Galatasaraylı futbolcular için oynaması sıkıntılı ve zor bir maçtı… Şampiyonluk deseniz, ufuk çizgisi kadar uzakta... Yetişmek için çalıştığın lider Beşiktaş, bir akşam önce futbol gösterisi yapıp 7 golle maçını kazandı… Bu koşullarda havaya girmek, motive olmak, coşkuyu yakalamak gerçekten kolay değil…
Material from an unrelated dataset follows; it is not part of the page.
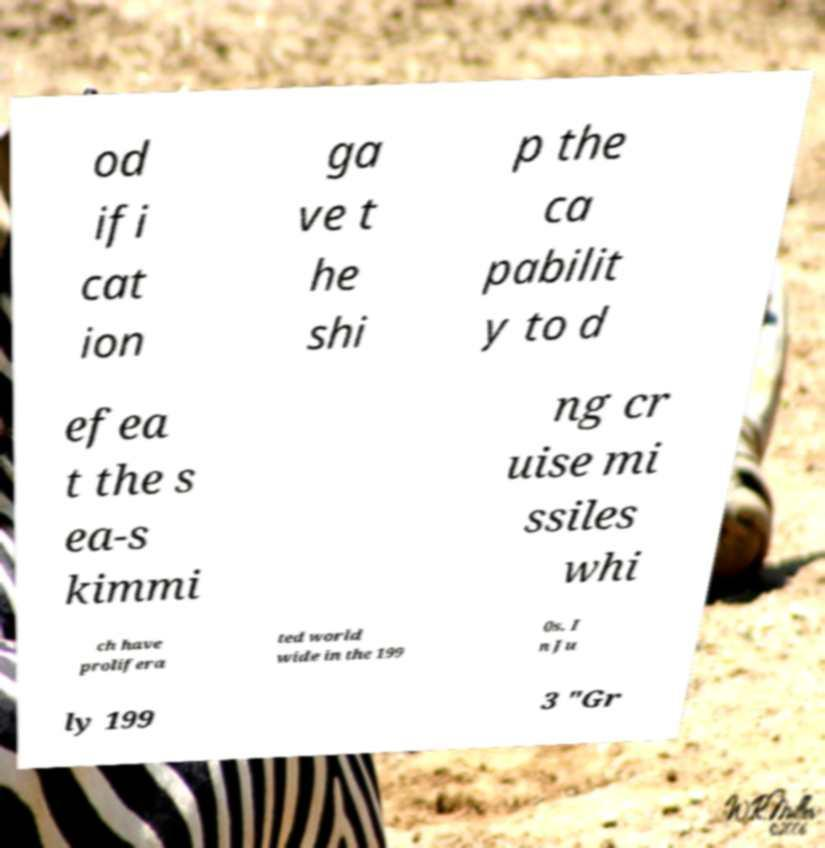What messages or text are displayed in this image? I need them in a readable, typed format. od ifi cat ion ga ve t he shi p the ca pabilit y to d efea t the s ea-s kimmi ng cr uise mi ssiles whi ch have prolifera ted world wide in the 199 0s. I n Ju ly 199 3 "Gr

Galatasaray nitekim başlangıçta o havayı yakalayamadı… Gençlerbirliği, “Ben tam saha oynayamam, kendi yarı alanıma çekileyim” dedi… Maç Gençlerbirliği yarı alanında oynandı… Top sürekli Galatasaraylı oyuncuların ayağında kaldı… Gençlerbirliği, “Rakip yarı alanda havalar nasıl” diye merak edip çok nadir sınırın öte tarafına geçti… Galatasaray’ın golü geç bile kaldı… Bunu söylerken, sanmayın ki pozisyon üstüne pozisyon yaratıp atamadı… Koca ilk yarıda iki cılız Emre Akbaba şutu, bir de yakından dışarı giden Babel’in kafası vardı…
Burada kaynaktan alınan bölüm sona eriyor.